[Items from a data source]

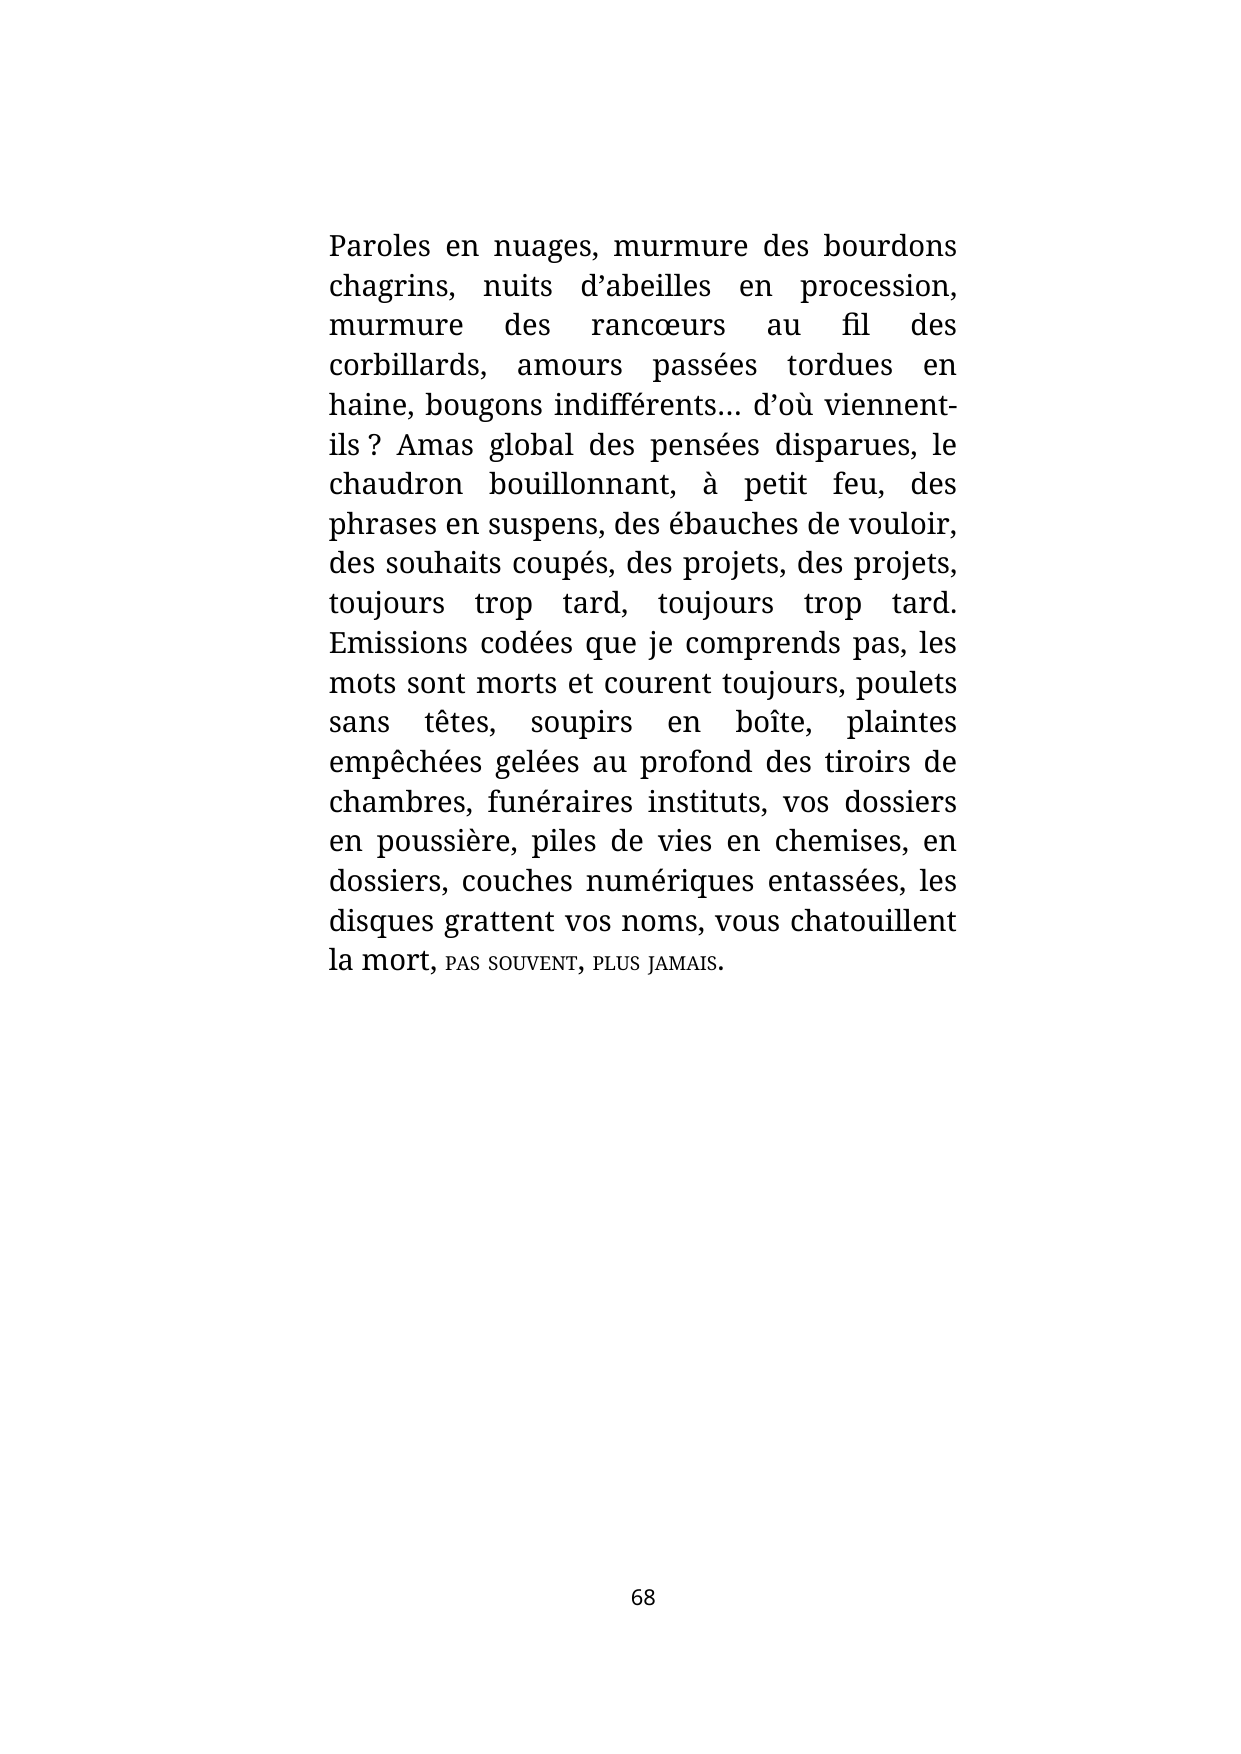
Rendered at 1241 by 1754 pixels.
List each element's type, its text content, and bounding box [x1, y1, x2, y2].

text Paroles en nuages, murmure des bourdons chagrins, nuits d’abeilles en procession, murmure des rancœurs au fil des corbillards, amours passées tordues en haine, bougons indifférents… d’où viennent-ils ? Amas global des pensées disparues, le chaudron bouillonnant, à petit feu, des phrases en suspens, des ébauches de vouloir, des souhaits coupés, des projets, des projets, toujours trop tard, toujours trop tard. Emissions codées que je comprends pas, les mots sont morts et courent toujours, poulets sans têtes, soupirs en boîte, plaintes empêchées gelées au profond des tiroirs de chambres, funéraires instituts, vos dossiers en poussière, piles de vies en chemises, en dossiers, couches numériques entassées, les disques grattent vos noms, vous chatouillent la mort, pas souvent, plus jamais. [328, 225, 958, 979]
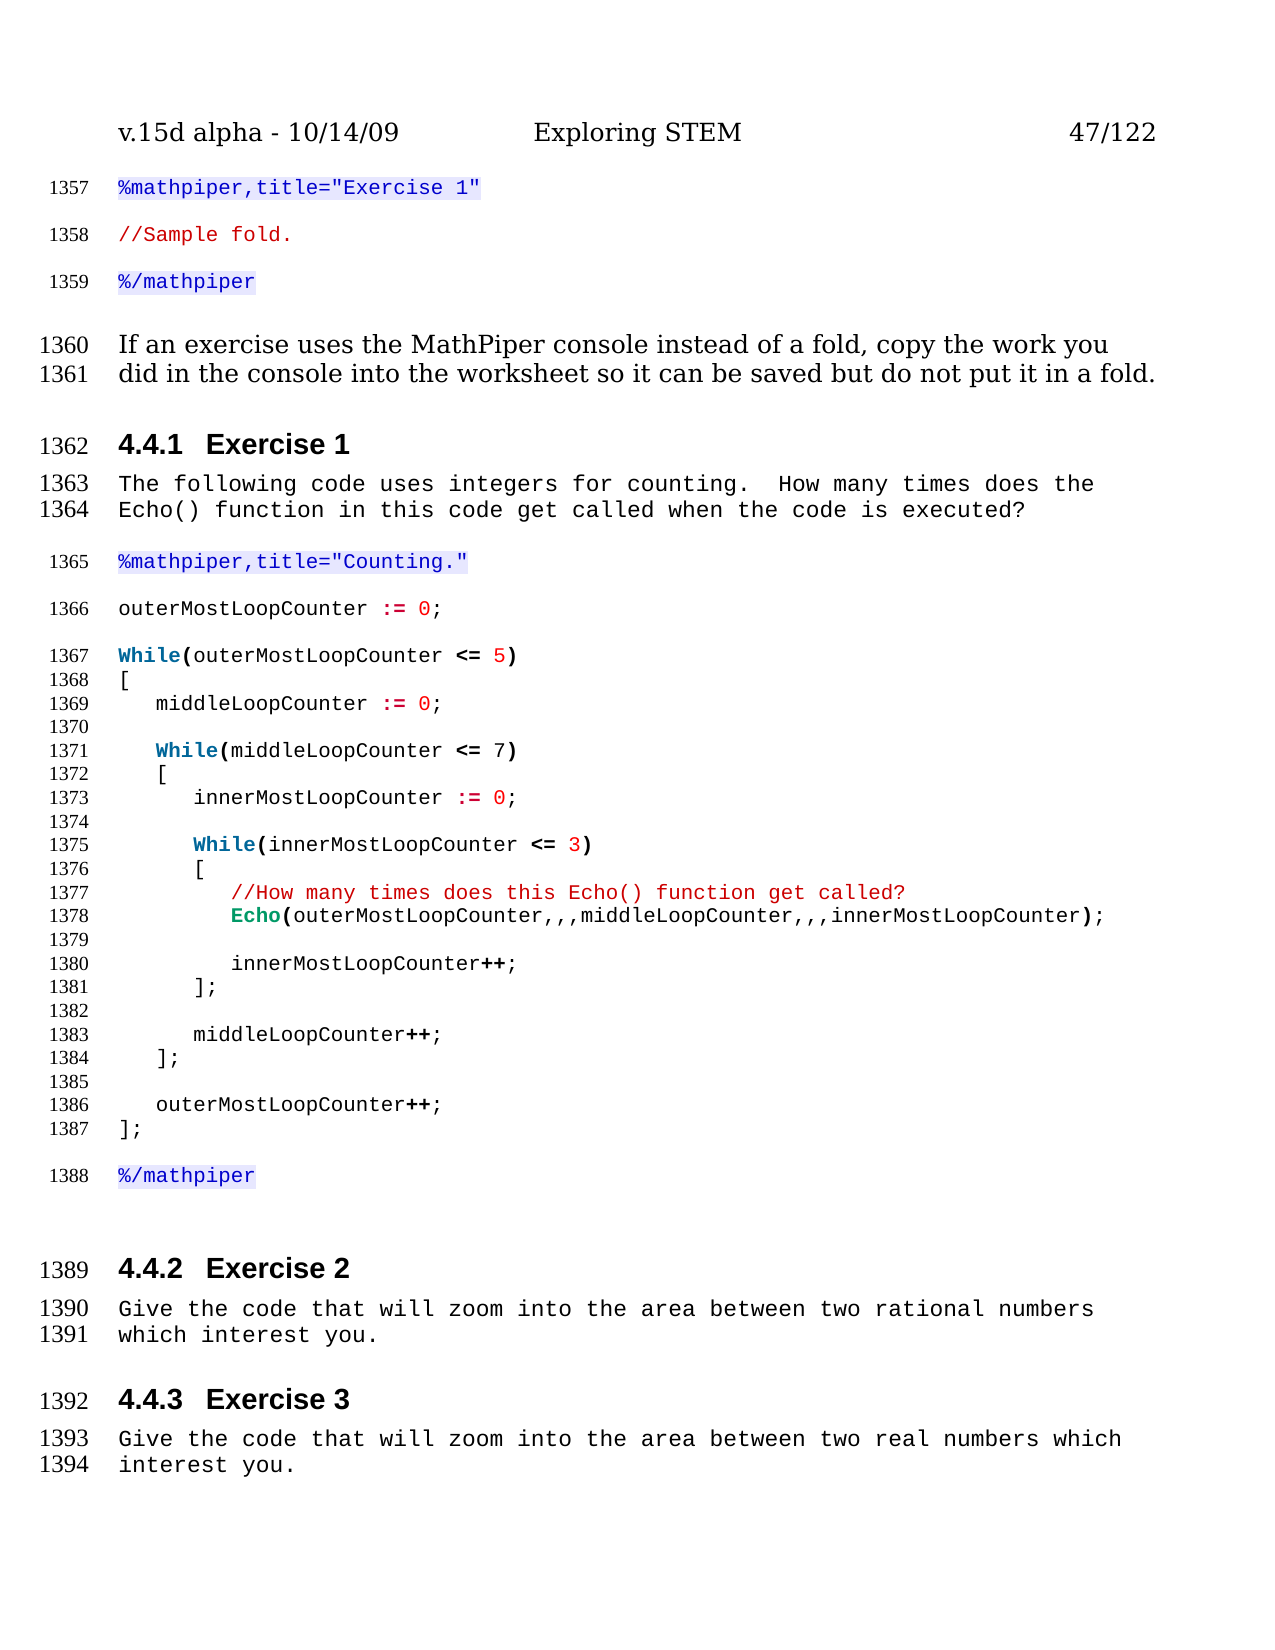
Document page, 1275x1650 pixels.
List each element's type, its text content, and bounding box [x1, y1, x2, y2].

subtitle Exercise 3 [118, 1382, 1157, 1416]
subtitle Exercise 1 [118, 427, 1157, 461]
text Give the code that will zoom into the area between two rational numbers which interest you. [118, 1297, 1157, 1349]
text The following code uses integers for counting. How many times does the Echo() function in this code get called when the code is executed? [118, 473, 1157, 525]
text ]; [118, 976, 1157, 1000]
text outerMostLoopCounter := 0; [118, 598, 1157, 622]
text [ [118, 669, 1157, 692]
text %/mathpiper [118, 271, 1157, 295]
text innerMostLoopCounter := 0; [118, 787, 1157, 811]
text ]; [118, 1118, 1157, 1142]
text [ [118, 858, 1157, 882]
text middleLoopCounter := 0; [118, 692, 1157, 716]
text //How many times does this Echo() function get called? [118, 882, 1157, 905]
text ]; [118, 1047, 1157, 1071]
text [ [118, 763, 1157, 787]
text While(innerMostLoopCounter <= 3) [118, 834, 1157, 858]
text outerMostLoopCounter++; [118, 1094, 1157, 1118]
text Echo(outerMostLoopCounter,,,middleLoopCounter,,,innerMostLoopCounter); [118, 905, 1157, 929]
subtitle Exercise 2 [118, 1252, 1157, 1285]
text middleLoopCounter++; [118, 1023, 1157, 1047]
text %mathpiper,title="Counting." [118, 551, 1157, 574]
text While(middleLoopCounter <= 7) [118, 740, 1157, 763]
text If an exercise uses the MathPiper console instead of a fold, copy the work you did in the console into the worksheet so it can be saved but do not put it in a fold. [118, 330, 1157, 388]
text %mathpiper,title="Exercise 1" [118, 177, 1157, 200]
text %/mathpiper [118, 1165, 1157, 1189]
text While(outerMostLoopCounter <= 5) [118, 645, 1157, 669]
text Give the code that will zoom into the area between two real numbers which interest you. [118, 1427, 1157, 1479]
text //Sample fold. [118, 224, 1157, 248]
text innerMostLoopCounter++; [118, 953, 1157, 976]

- What the task asks -
Your output is the lines from the top of the entries through the line containing "text outerMostLoopCounter++; [118, 1094, 1157, 1118]", exactly as they stand. No pictures belong in it.

- Exercise solution -
Rendered at 1241 by 1754 pixels.
List each element's type, its text content, and bounding box [x1, y1, x2, y2].

text Paroles en nuages, murmure des bourdons chagrins, nuits d’abeilles en procession, murmure des rancœurs au fil des corbillards, amours passées tordues en haine, bougons indifférents… d’où viennent-ils ? Amas global des pensées disparues, le chaudron bouillonnant, à petit feu, des phrases en suspens, des ébauches de vouloir, des souhaits coupés, des projets, des projets, toujours trop tard, toujours trop tard. Emissions codées que je comprends pas, les mots sont morts et courent toujours, poulets sans têtes, soupirs en boîte, plaintes empêchées gelées au profond des tiroirs de chambres, funéraires instituts, vos dossiers en poussière, piles de vies en chemises, en dossiers, couches numériques entassées, les disques grattent vos noms, vous chatouillent la mort, pas souvent, plus jamais. [328, 225, 958, 979]
Document page, 1275x1650 pixels.
List each element's type, its text content, and bounding box [x1, y1, x2, y2].

subtitle Exercise 3 [118, 1382, 1157, 1416]
subtitle Exercise 1 [118, 427, 1157, 461]
text Give the code that will zoom into the area between two rational numbers which interest you. [118, 1297, 1157, 1349]
text The following code uses integers for counting. How many times does the Echo() function in this code get called when the code is executed? [118, 473, 1157, 525]
text ]; [118, 976, 1157, 1000]
text outerMostLoopCounter := 0; [118, 598, 1157, 622]
text [ [118, 669, 1157, 692]
text %/mathpiper [118, 271, 1157, 295]
text innerMostLoopCounter := 0; [118, 787, 1157, 811]
text ]; [118, 1118, 1157, 1142]
text [ [118, 858, 1157, 882]
text middleLoopCounter := 0; [118, 692, 1157, 716]
text //How many times does this Echo() function get called? [118, 882, 1157, 905]
text ]; [118, 1047, 1157, 1071]
text [ [118, 763, 1157, 787]
text While(innerMostLoopCounter <= 3) [118, 834, 1157, 858]
text outerMostLoopCounter++; [118, 1094, 1157, 1118]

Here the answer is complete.